Department of Mathematics and Statistics, University of Ottawa, 585 King Edward Avenue, Ottawa, Canada K1N 6N5.
BMC Bioinformatics. 2012;13 Suppl 19(Suppl 19):S8. doi: 10.1186/1471-2105-13-S19-S8. Epub 2012 Dec 19.
It has recently been shown that fractionation, the random loss of excess gene copies after a whole genome duplication event, is a major cause of gene order disruption. When estimating evolutionary distances between genomes based on chromosomal rearrangement, fractionation inevitably leads to significant overestimation of classic rearrangement distances. This bias can be largely avoided when genomes are preprocessed by "consolidation", a procedure that identifies and accounts for regions of fractionation.

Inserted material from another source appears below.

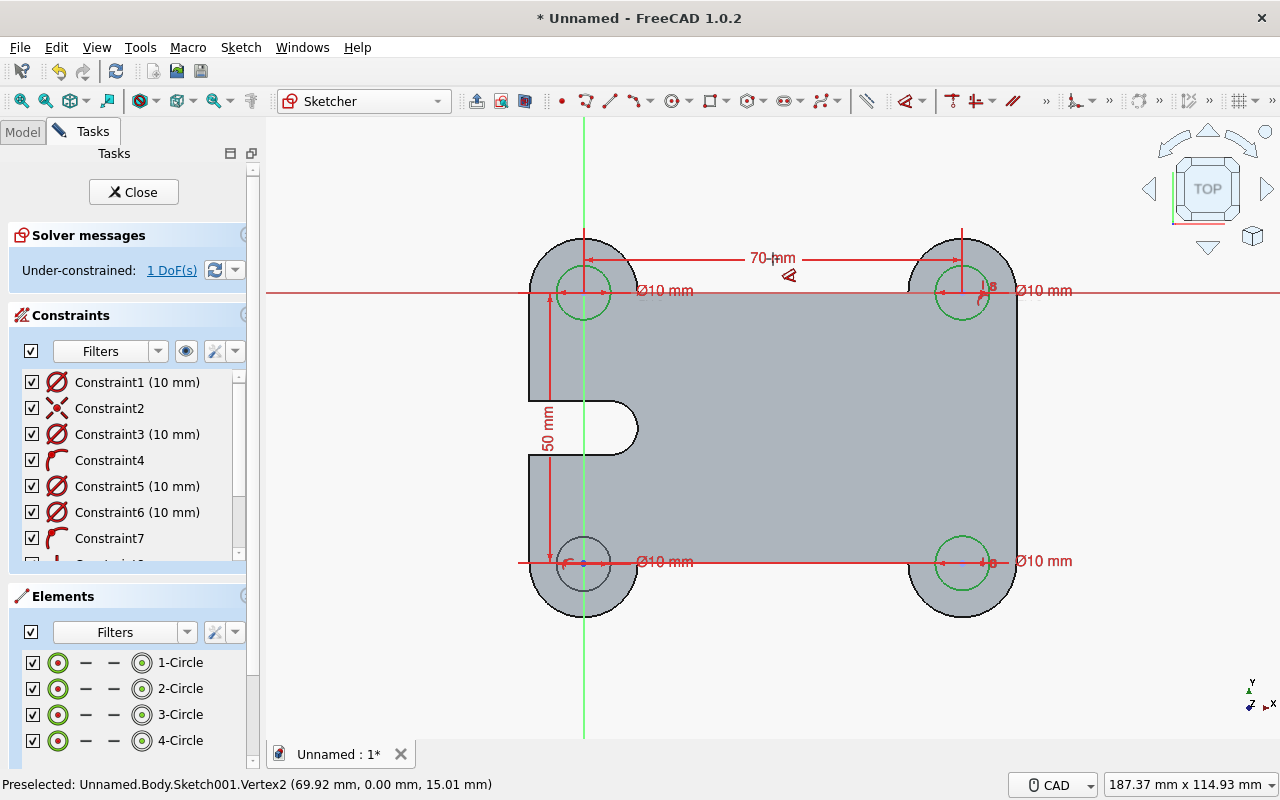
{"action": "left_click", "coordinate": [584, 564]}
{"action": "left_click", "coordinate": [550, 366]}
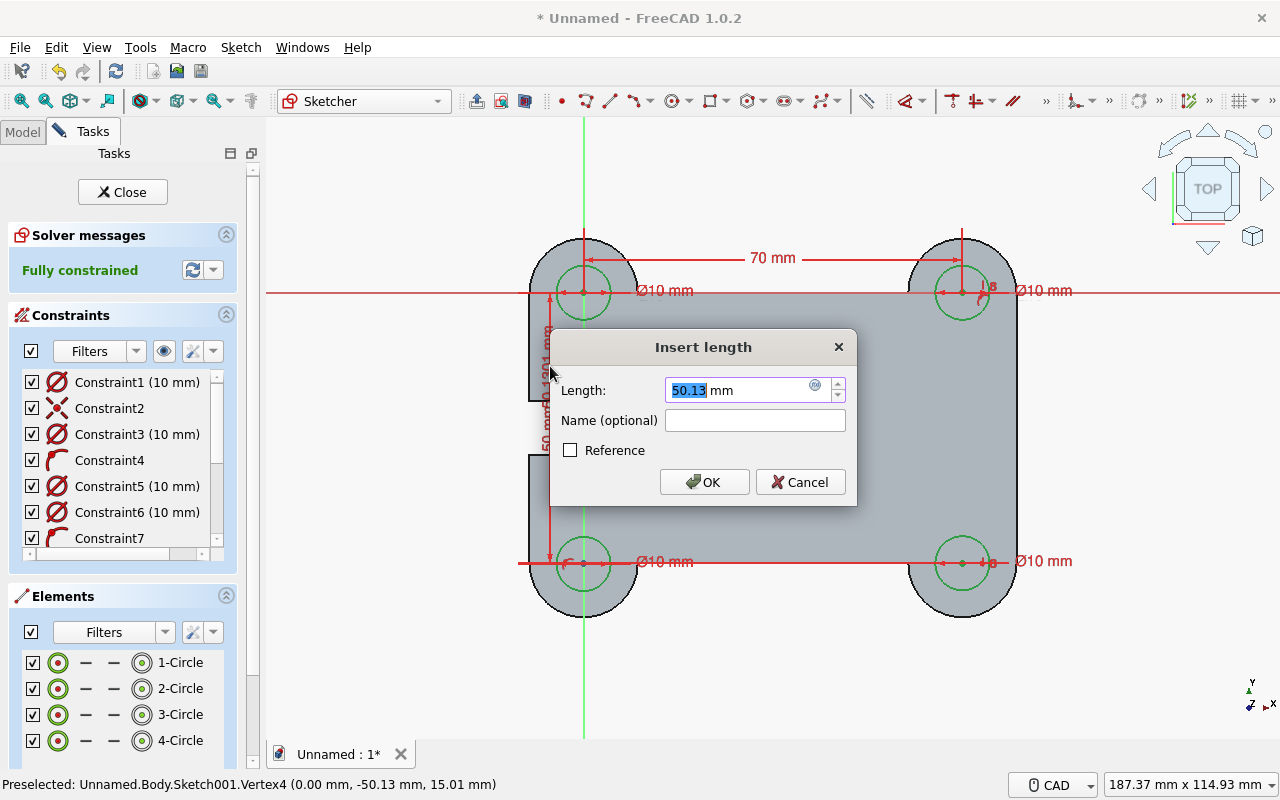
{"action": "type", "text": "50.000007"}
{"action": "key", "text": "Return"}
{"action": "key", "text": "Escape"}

In this paper, we present a new consolidation algorithm that extends and improves previous work in several directions. We extend the notion of the fractionation region to use information provided by regions where this process is still ongoing. The new algorithm can optionally work with this new definition of fractionation region and is able to process not only tetraploids but also genomes that have undergone hexaploidization and polyploidization events of higher order. Finally, this algorithm reduces the asymptotic time complexity of consolidation from quadratic to linear dependence on the genome size. The new algorithm is applied both to plant genomes and to simulated data to study the effect of fractionation in ancient hexaploids.

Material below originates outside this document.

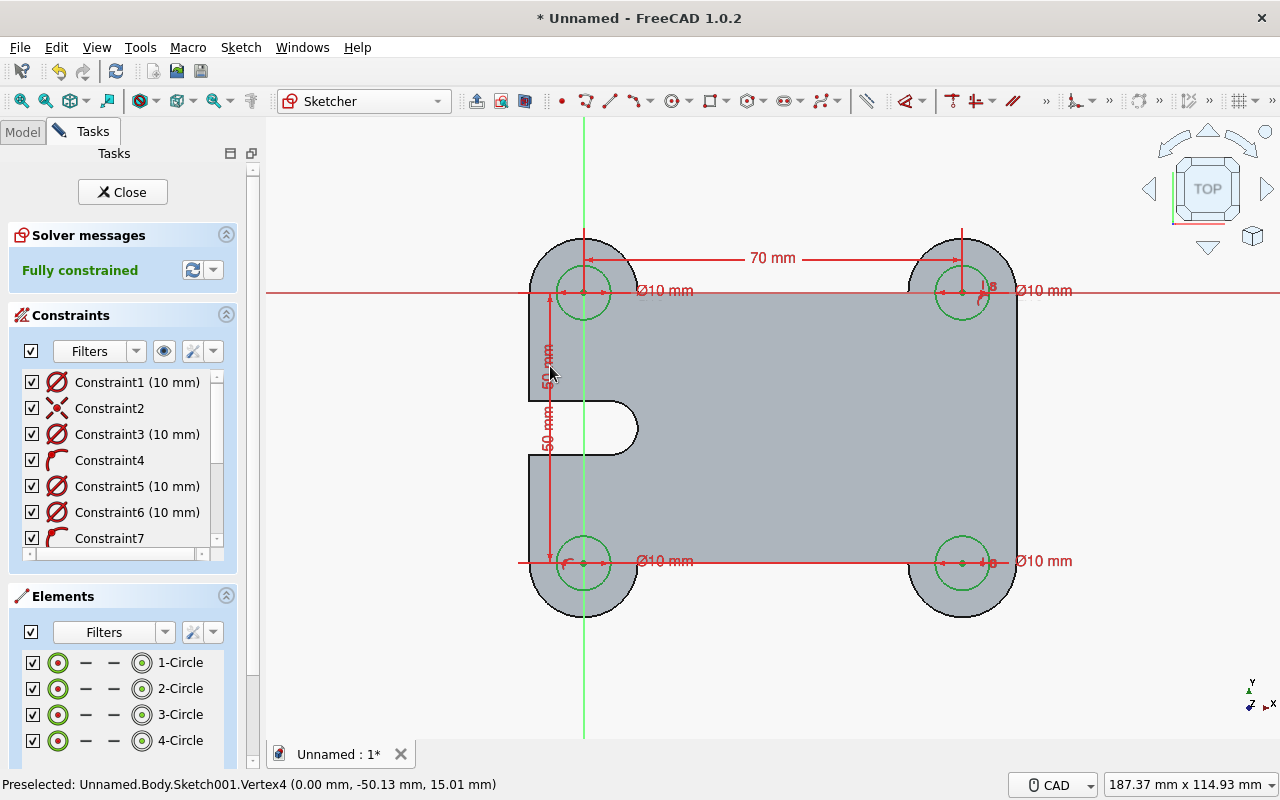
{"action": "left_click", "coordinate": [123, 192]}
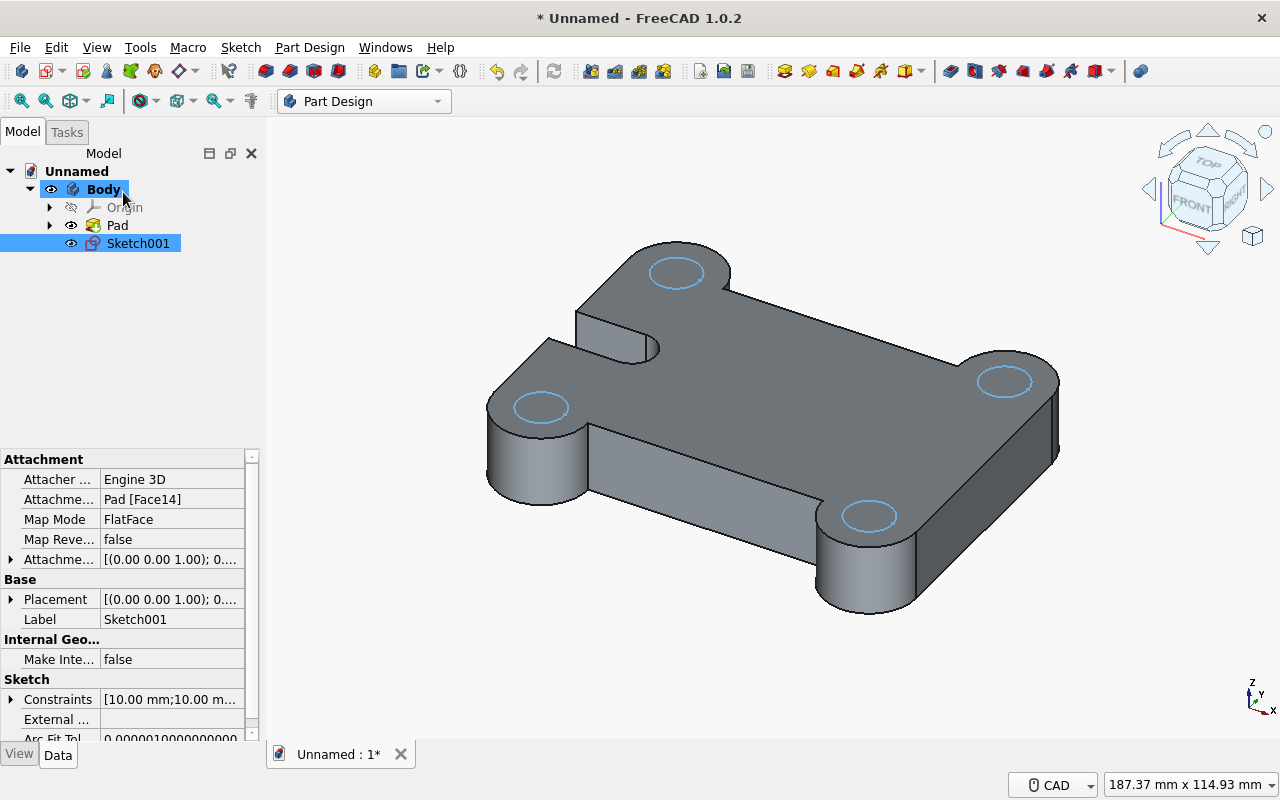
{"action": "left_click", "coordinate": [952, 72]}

最近的研究表明,在全基因组复制事件之后的随机基因拷贝丢失(即片段化)是导致基因顺序破坏的主要原因。在基于染色体重排估计基因组之间的进化距离时,片段化不可避免地导致经典重排距离的显著高估。当通过“整合”预处理基因组时,可以在很大程度上避免这种偏差,该过程可以识别和解释片段化区域。
在本文中,我们提出了一种新的整合算法,该算法在几个方面扩展和改进了以前的工作。我们将片段化区域的概念扩展到使用该过程仍在进行的区域提供的信息。新算法可以选择使用片段化区域的这个新定义,并且不仅可以处理四倍体,还可以处理已经经历了六倍体化和更高阶多倍体化事件的基因组。最后,该算法将整合的渐近时间复杂度从二次降低到对基因组大小的线性依赖。新算法应用于植物基因组和模拟数据,以研究古老六倍体中片段化的影响。